What do you all do on the weekends?

8 replies

Newsenmum · 28/02/2026 13:59

I’d love to hear about your weekends - however varied they are. Sometimes I worry about what we’re doing (or not doing!) especially as many parents around where I live seem to have their days full of activities- dance classes, football matches, frequent days out to big adventure parks, birthday parties. So many holidays.

My weekends feel like groundhog day. So often the same. Kids awake around 3-5am (nightmare sleepers - that’s another thread). We are all in various states of bedhopping and watching tablets and tv. Various sorts of meltdowns and squabbling (this morning my husband walked down stairs ‘wrong’) so that took a while. Finally got us out to our local playground around 10am after a very long morning. Extremely mixed. Back home for lunch. Youngest naps. Afternoon in garden as sun is finally out and attempting to do some chores and - wait for it - more screens. :/ I feel so guilty and also bored to tears, but there are so many places we cant go to especially to meet both needs. Im also genuinely exhausted and school child also needs a break from the week.

I had such a busy childhood in comparison.

OP posts:
ExistingonCoffee · 28/02/2026 21:14

We have quite structured weekends. DSs don’t cope without the structure and routine. Everything goes on a whiteboard in the kitchen. As you will see, my DC need a lot of sensory input and activity.

This morning DH took DS2&3 to a sports club. While they were there, DS1 had some provision from his EOTAS package.

When DH, DS2 and DS3 returned, we had lunch. Then DS1 napped, and I took some cardboard to the recycling centre while DS2 played in the garden (trampoline, football and adult climbing frame) with his friend and DS3 went on the sensory swing and used some of the other sensory equipment we have.

DS2 and friend them went on the Xbox. DS3 played with and monologued about Lego.

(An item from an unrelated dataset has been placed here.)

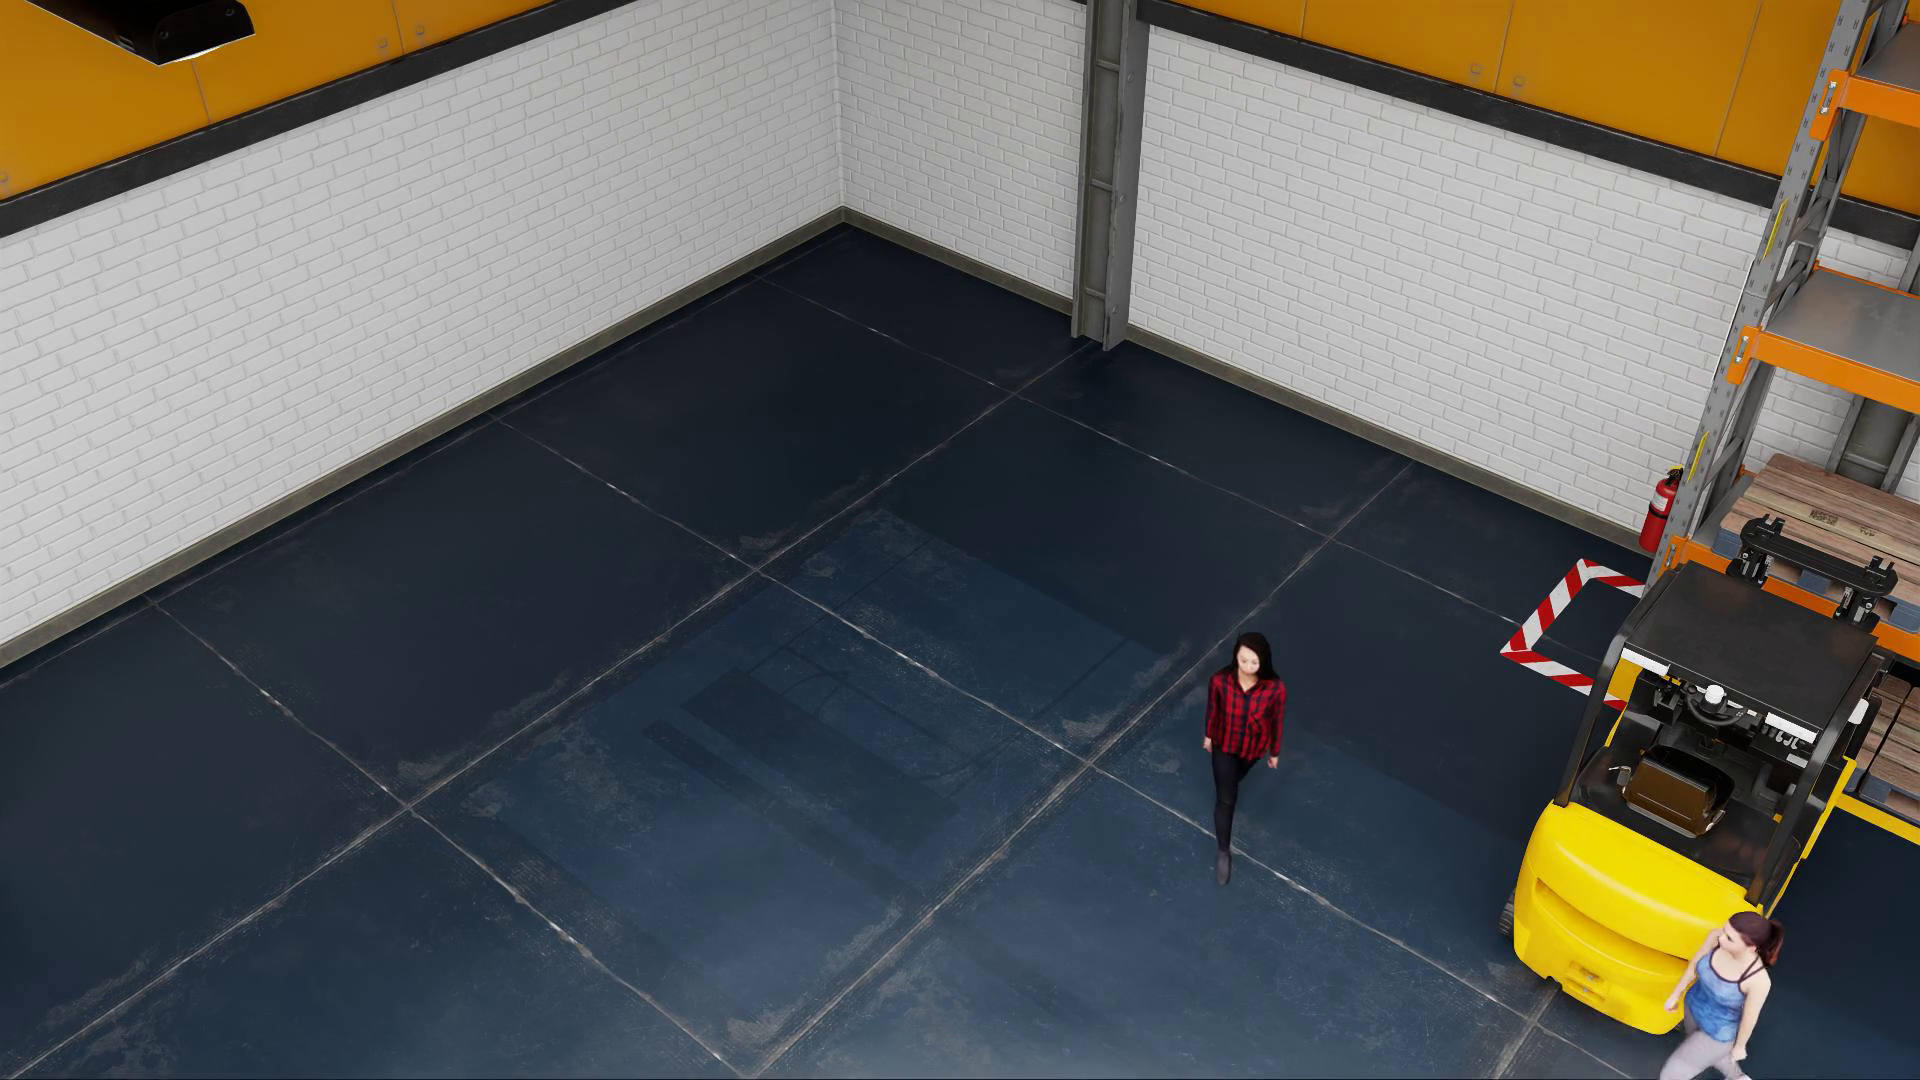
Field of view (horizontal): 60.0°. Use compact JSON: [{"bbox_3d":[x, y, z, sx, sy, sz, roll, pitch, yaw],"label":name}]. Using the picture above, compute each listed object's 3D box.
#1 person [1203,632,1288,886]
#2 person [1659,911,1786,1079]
[{"bbox_3d":[1.624,1.120,9.628,1.060,1.613,1.012,5,39,6],"label":"person"},{"bbox_3d":[3.743,2.341,8.132,1.044,1.571,1.011,-6,39,-7],"label":"person"}]

When DS1 woke up, he played with some of the sensory equipment we have.

We had dinner. Not long after, we started the evening routine. DS1 is now in bed (not asleep), DS2 is stomping around moaning about coming off the Xbox and DS3 is getting ready for bed.

Newsenmum · 02/03/2026 07:38

How is he with just playing? For mine he likes it so structured like 5 mins trampoline, 10 mins running around garden, 5 minutes doing something else. It’s exhausting.

OP posts:
ExistingonCoffee · 02/03/2026 11:31

DSs can’t manage free play without adult direction. Unstructured free play, even with adult support and direction, is very limited.

For example, when I say played with Lego. DS3 built a set following the instructions. He didn’t and never would free build from imagination. When DSs play in the garden or use sensory equipment/toys, they will hop around activities/equipment, often in a set order.

A lot of the time with the activities I mentioned, DSs are fine at longer blocks on each activity now than they were when younger.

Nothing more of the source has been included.